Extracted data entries
>>

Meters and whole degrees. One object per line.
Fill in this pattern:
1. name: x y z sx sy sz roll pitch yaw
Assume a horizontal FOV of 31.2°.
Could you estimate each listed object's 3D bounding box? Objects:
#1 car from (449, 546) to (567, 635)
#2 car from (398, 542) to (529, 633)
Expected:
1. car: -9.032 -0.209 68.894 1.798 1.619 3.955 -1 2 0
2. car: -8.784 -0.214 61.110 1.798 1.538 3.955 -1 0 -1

<<

TASK TO COMPLETE: Lines in the data that include the word "object" should all be copied.

TASK RESPONSE:
Meters and whole degrees. One object per line.
Could you estimate each listed object's 3D bounding box? Objects:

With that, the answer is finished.